En la línea de doblado, las puertas del horno se abren y el reloj comienza a contar. Es necesario que el vidrio adopte la forma correcta a la primera—sin retrabajos ni desechos. Cuando el perfil de calentamiento está aunque sea un poco desajustado, se producen distorsiones ópticas, grietas por estrés térmico y una pila de rechazos que paraliza toda la línea.
El calentamiento zonificado es la forma de eliminar ese riesgo en el doblado.
Esto es lo que importa técnicamente. Construimos el calentamiento infrarrojo zonificado alrededor de emisores de cuarzo de onda corta, ajustados para una respuesta rápida y un control térmico preciso. Los emisores colocan el calor donde debe estar—radiación dirigida, con mínima convección—por lo que se calienta la superficie del vidrio, no la estructura del horno.
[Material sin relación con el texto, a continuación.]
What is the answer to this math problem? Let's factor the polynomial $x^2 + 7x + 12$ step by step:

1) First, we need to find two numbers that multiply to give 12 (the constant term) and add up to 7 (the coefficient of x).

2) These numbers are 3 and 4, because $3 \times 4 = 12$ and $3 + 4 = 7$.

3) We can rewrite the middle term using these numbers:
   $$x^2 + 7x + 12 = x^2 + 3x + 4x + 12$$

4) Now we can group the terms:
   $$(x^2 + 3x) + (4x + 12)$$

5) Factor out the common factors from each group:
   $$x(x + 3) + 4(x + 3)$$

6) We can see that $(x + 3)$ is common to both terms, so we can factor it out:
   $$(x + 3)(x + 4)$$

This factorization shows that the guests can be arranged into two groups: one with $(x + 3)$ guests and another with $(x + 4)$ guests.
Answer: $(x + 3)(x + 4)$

Cada zona se controla de forma independiente, lo que significa que la corona, los bordes y las zonas de transición pueden funcionar a diferentes temperaturas. Esto proporciona un campo térmico uniforme en toda la lámina, con una estabilización rápida después de cambios en el punto de consigna. En la práctica, se traduce en ciclos de calentamiento repetibles y un comportamiento predecible cuando el vidrio llega a la prensa.
Los doblados complejos y las transiciones de grosor no funcionan bien con un perfil único para todo. Se requiere un patrón de calentamiento que siga la geometría. Con el infrarrojo zonificado, se reduce la expansión diferencial y se evita el sobrecalentamiento localizado que genera defectos ópticos.
La respuesta rápida también acorta el tiempo de permanencia, aumentando el rendimiento sin sacrificar la calidad. El consumo de energía disminuye porque los emisores solo funcionan cuando la zona necesita calor, y la radiación dirigida implica menos calor desperdiciado en la cámara.
Para usted, esto significa menos fracturas, tolerancias más estrictas y una línea que se mantiene estable turno tras turno.
Los módulos infrarrojos zonificados son sencillos de integrar, pero aún debe prestar atención al espacio de montaje y la línea de visión hacia el vidrio. La emisividad puede variar en vidrio con recubrimiento o impreso, por lo que la estrategia de control debe ajustarse a su mezcla de productos.
Dimensionamos las zonas, potencia y lógica de control en función de su prensa de doblado y sus objetivos de ciclo, y configuramos la interfaz para trabajar con su PLC y retroalimentación de temperatura existentes. Planifique inspecciones rutinarias de los emisores y mantenga repuestos de los conjuntos de zona en stock—cuando la línea está parada, cada minuto cuenta.